Colin Sewake
Special to The Hawai‘i Herald

Knowledge is power” goes the saying attributed to Francis Bacon in his published work, “Meditationes Sacrae” (1597). But how does one go about obtaining knowledge?  Reading books is one way, and those books can be found in your local library.

For those of Okinawan descent visiting the homeland, the Okinawa Kenritsu Toshokan or Okinawa Prefectural Library is a great resource of Okinawan history and culture. Previously located next to Yogi Park near Highway 330, the new OPL reopened in 2018 at its current location on the third floor of the same building as the Naha Bus Terminal near Asahibashi Eki (monorail station) off of Highway 58. Three times larger in size than the old one, the new library, with a capacity to hold 1.4 million publications, contains over 800,000 with approximately 300,000 of them dealing with Okinawan topics. A Daiso, coffee shop and other stores are conveniently located on the second floor.

Hawai’i State Library librarians introduce their genealogical resources to OPL staff members in 2017. (Photos courtesy of Colin Sewake)

This warehouse of information is also especially of great value to those conducting genealogical research as they contain registries from each municipality here as well as logs of those who emigrated overseas to such locations as Hawai‘i.

I didn’t know about the Okinawan community in Hawai‘i or the Hawaii United Okinawa Association when I lived in Hawai‘i nor when I arrived in Okinawa in 1994. It wasn’t until I contacted the Yomitan Club to introduce myself in January 2016 that I got involved with the Hawai‘i-Okinawa community. As I connected more dots between people in Hawai‘i and Okinawa over the next several months, excitement was building up in the international Uchinänchu (Okinawan) community about the Sixth Worldwide Uchinänchu Festival scheduled for October 26 to 30 later that year. Almost 8,000 people from 29 countries and regions including Japan made the trek to their motherland to attend the taikai (festival) that is held once every five years.

I volunteered briefly at an event during the taikai that was held 10 years prior, and I expressed my desire and availability to assist with the one in 2016. Officers from Okinawa Hawai‘i Kyökai, the support organization to HUOA, introduced me to the OPL director and staff that summer so that I could help them as a translator for their genealogical research booth that they were setting up for the first time.

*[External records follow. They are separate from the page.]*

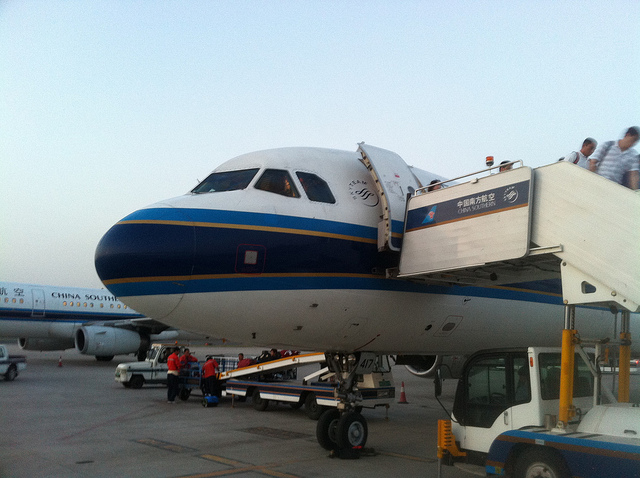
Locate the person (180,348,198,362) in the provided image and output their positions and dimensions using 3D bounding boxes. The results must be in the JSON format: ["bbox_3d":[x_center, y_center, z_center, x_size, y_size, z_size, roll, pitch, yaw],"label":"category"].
[{"bbox_3d":[-5.181,4.467,24.035,0.394,0.579,0.764,-29,-24,35],"label":"person"}]

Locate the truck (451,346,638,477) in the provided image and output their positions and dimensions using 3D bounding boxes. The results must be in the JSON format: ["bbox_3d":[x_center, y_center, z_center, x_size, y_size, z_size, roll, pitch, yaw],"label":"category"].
[{"bbox_3d":[4.061,3.136,11.609,3.131,1.540,2.108,-1,-7,40],"label":"truck"}]

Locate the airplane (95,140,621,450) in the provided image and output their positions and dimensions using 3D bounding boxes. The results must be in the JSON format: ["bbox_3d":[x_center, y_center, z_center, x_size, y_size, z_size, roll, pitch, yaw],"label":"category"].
[{"bbox_3d":[0.188,0.789,14.291,8.982,3.309,9.333,6,-7,-37],"label":"airplane"}]

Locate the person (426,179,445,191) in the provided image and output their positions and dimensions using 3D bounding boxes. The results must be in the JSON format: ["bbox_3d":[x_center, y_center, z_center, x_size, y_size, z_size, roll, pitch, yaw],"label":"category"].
[{"bbox_3d":[2.695,-1.272,14.474,0.322,0.328,0.911,1,-1,6],"label":"person"}]

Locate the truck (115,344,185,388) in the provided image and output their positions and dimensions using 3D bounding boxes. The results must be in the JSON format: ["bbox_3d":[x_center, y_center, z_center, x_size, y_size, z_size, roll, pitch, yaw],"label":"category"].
[{"bbox_3d":[-7.467,5.503,26.837,3.328,1.629,2.087,6,-10,-34],"label":"truck"}]

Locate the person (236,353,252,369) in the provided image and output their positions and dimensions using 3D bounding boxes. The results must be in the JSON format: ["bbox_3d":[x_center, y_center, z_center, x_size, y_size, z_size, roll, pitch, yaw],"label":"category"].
[{"bbox_3d":[-2.785,4.473,22.547,0.534,0.626,0.677,4,-45,-5],"label":"person"}]

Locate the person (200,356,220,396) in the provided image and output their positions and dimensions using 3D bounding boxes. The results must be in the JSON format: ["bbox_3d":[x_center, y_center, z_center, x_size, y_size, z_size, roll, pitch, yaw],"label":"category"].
[{"bbox_3d":[-3.928,4.889,22.256,0.504,1.334,0.736,1,-10,5],"label":"person"}]

That’s when I met and befriended Librarian Hiroaki Hara who is known to most as “Hiro.” A week before the taikai started, HUOA 2007 President David Z. Arakawa and current president of Nishihara Chojin Kai, joined my network of Hawai‘i Uchinänchu friends. Even though the Arakawa family had lots of information on their grandparents, I encouraged him to send me their names and whatever basic information he had, such as birthdates and addresses in Okinawa before emigrating to Hawai‘i, because OPL wanted to work on some test cases before the taikai. I immediately forwarded the information to Hiro.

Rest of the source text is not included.